I make no excuses. I work full time. I’m a single Dad to an 11 year old boy who is my inspiration. I train almost every day and I still compete at the highest level as a natural bodybuilder. I rarely have time for excuses, but for those who make them, I understand. I’m extremely privileged to be in my current situation.

How do you recover, rest and handle injuries?

Luckily, over all my years of training, I’ve never suffered any major set backs, whether this is a combination of smart training and luck?? Possibly, that said I have always done one thing consistently throughout my bodybuilding career, I’ve always utilized good form when lifting.

I cringe at guys/girls to this day, that I see lifting with bad form. Again, substituting form by lifting beyond your capacity is a recipe for a trip to A+E (Accident and Emergency) and long term injuries.

Be smart, no ego, that said though I have never suffered any major injuries that’s put a stop to my training, I would strongly advise stretching before and after training. Advise I should take on board myself as I too neglect doing so, I would also advise having frequent physiotheraphy or sports massage, lifting puts an incredible amount of pressure on your joints you only have to see what’s become of Ronnie Coleman as an example.

Taking multivitamins such as cod liver or fish oil is also advisable. Rest and recovery also aren’t emphasized as much as training itself. I can assure you, without proper rest and recovery, the entire process becomes counter-productive. It’s essential to growth, prioritize rest and recovery as much as you physically can.
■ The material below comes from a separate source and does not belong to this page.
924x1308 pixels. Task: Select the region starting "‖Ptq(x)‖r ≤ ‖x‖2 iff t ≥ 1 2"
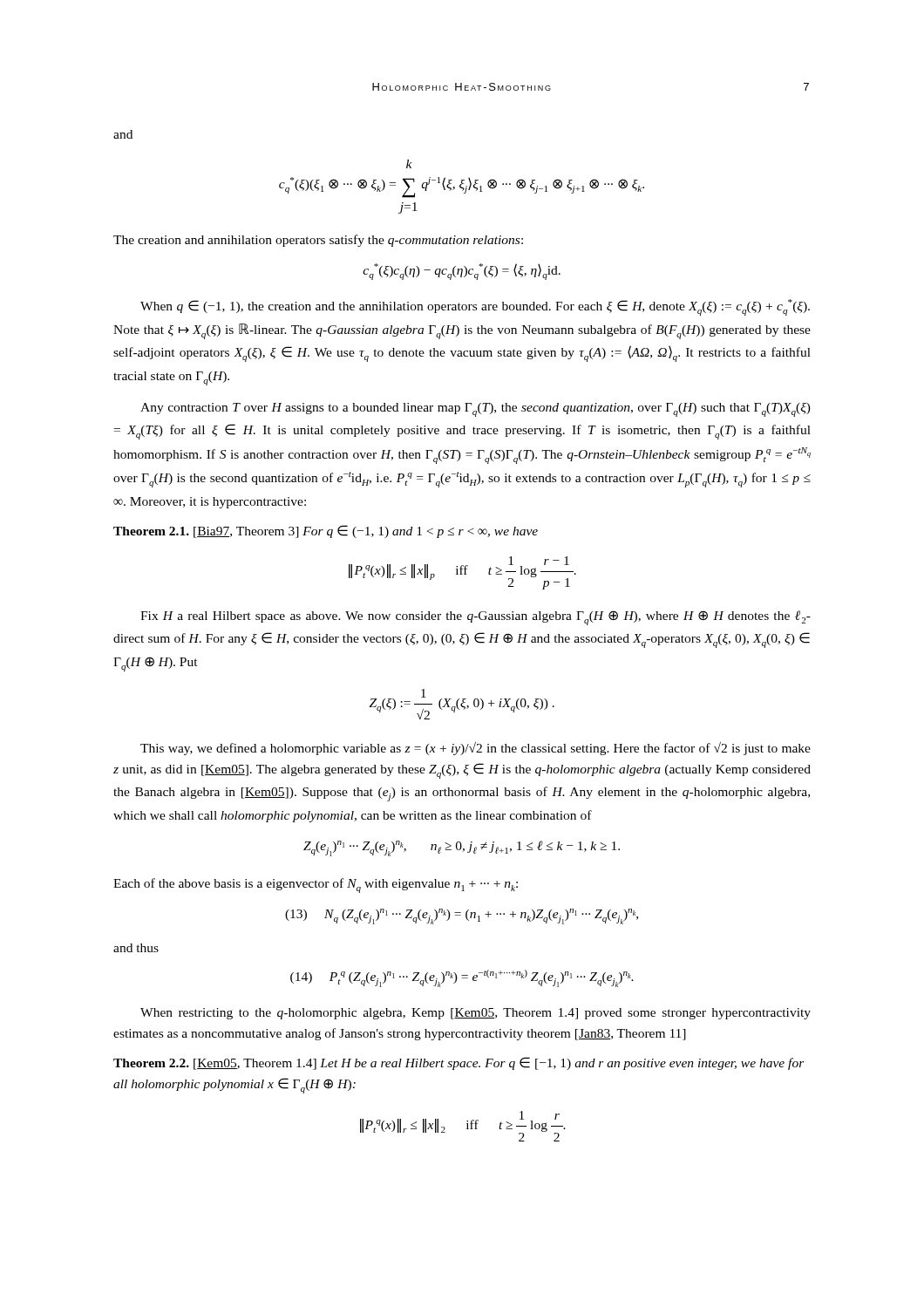click(462, 1127)

Instagram, @nigel_st_lewis

How is your diet and what supplements do you use?


You CANNOT out train a bad diet

Nothing beats a solid meal, I believe to many people get carried away with supplements, and need to be reminded that the majority of them are simply meal replacements, they are not a magic potion, and they’re not going to make you look like your favourite YouTube or front page magazine bodybuilder.
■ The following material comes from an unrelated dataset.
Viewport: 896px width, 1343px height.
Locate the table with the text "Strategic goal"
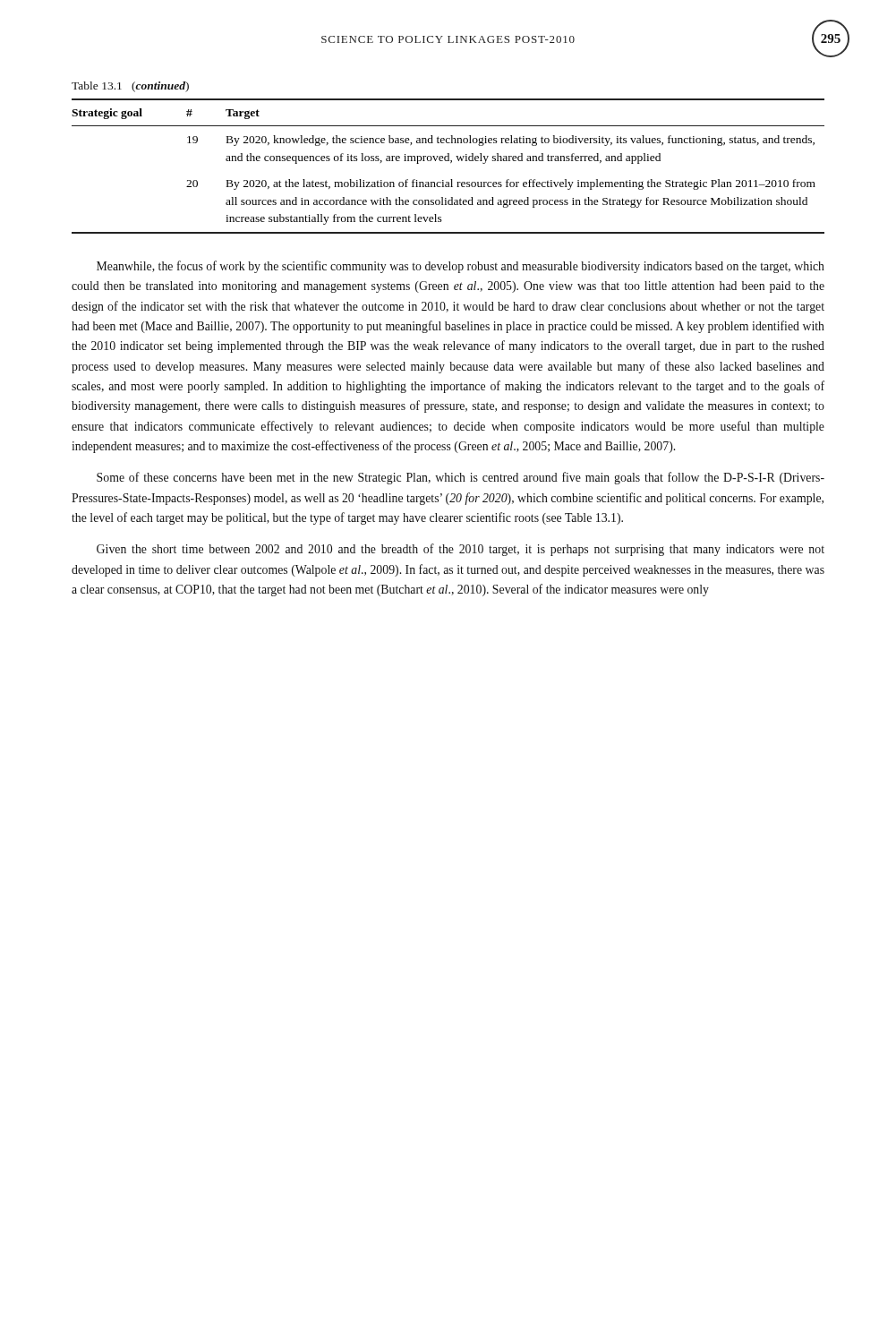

Yes, used them correctly. Supplements are great, and are proven to work, but please treat them for what they are. Two supplement I use regularly are protein powder and creatine, everything else to me is a gimmick.

My diet consist of protein carbs and healthy fats every meal, six meals a day on average, again as I’ve previously stipulated on rest to recover, you literally are what you eat, you CANNOT out train a bad diet, train as hard as you want rest as much as you can. If you do not consume the required nutrient training becomes counter-productive, I simply cannot reiterate this enough.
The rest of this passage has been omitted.